Does anyone else deal with tight shoulders to the point that it hurts to run wash rag over them in th shower? it happens after a few regular days then I have about two days i bed.
Also was going to ask for to to do muscle biopsy not sure if it is worth it. any response would be helpful.
 
Also was going to ask for to to do muscle biopsy not sure if it is worth it. any response would be helpful.
a muscle biopsy would not be any value fore fibromyalgia as although there is pain felt in the muscle it is simply an incorrect pain responds from the CNS
ie pain where no reason for pain exists
 
@johnsalmon, sounds like you need th see a physical therapist to perform myofascial release on you. Helps tremendously with tightness.
 
@chestert6 ...a biopsy is unlikely to be the thing you need, although of course that is a decision for your doctor. Normally that is a test that is only performed if you have a growth and they need to check to see if it is cancerous. A biopsy is not a treatment for tight or sore muscles.

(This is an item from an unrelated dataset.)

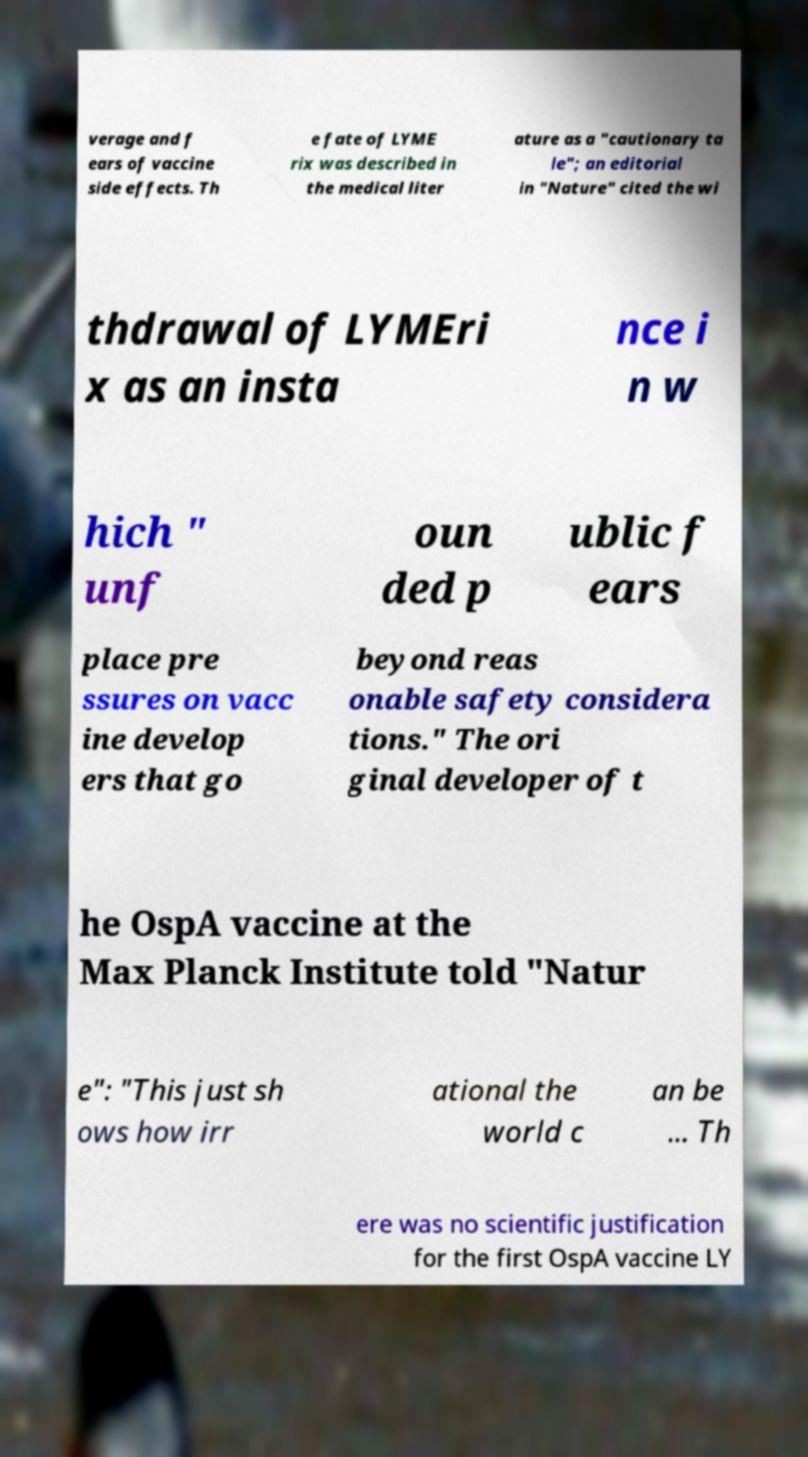Please identify and transcribe the text found in this image. verage and f ears of vaccine side effects. Th e fate of LYME rix was described in the medical liter ature as a "cautionary ta le"; an editorial in "Nature" cited the wi thdrawal of LYMEri x as an insta nce i n w hich " unf oun ded p ublic f ears place pre ssures on vacc ine develop ers that go beyond reas onable safety considera tions." The ori ginal developer of t he OspA vaccine at the Max Planck Institute told "Natur e": "This just sh ows how irr ational the world c an be ... Th ere was no scientific justification for the first OspA vaccine LY

If you have not already tried the following, I recommend you think about trying the following:
physical therapy
heating pad
muscle relaxants
application of a CBD rub or Tiger's Balm or Icy Hot or other muscle rub
application of Arnica gel
relaxation techniques

Wishing you the best of luck.
 
Hello. Today I asked my doctor whether my fibromyalgia could actually be a somatoform disorder, which only looks like fibromyalgia, he answered me: “I think you have fibromyalgia.”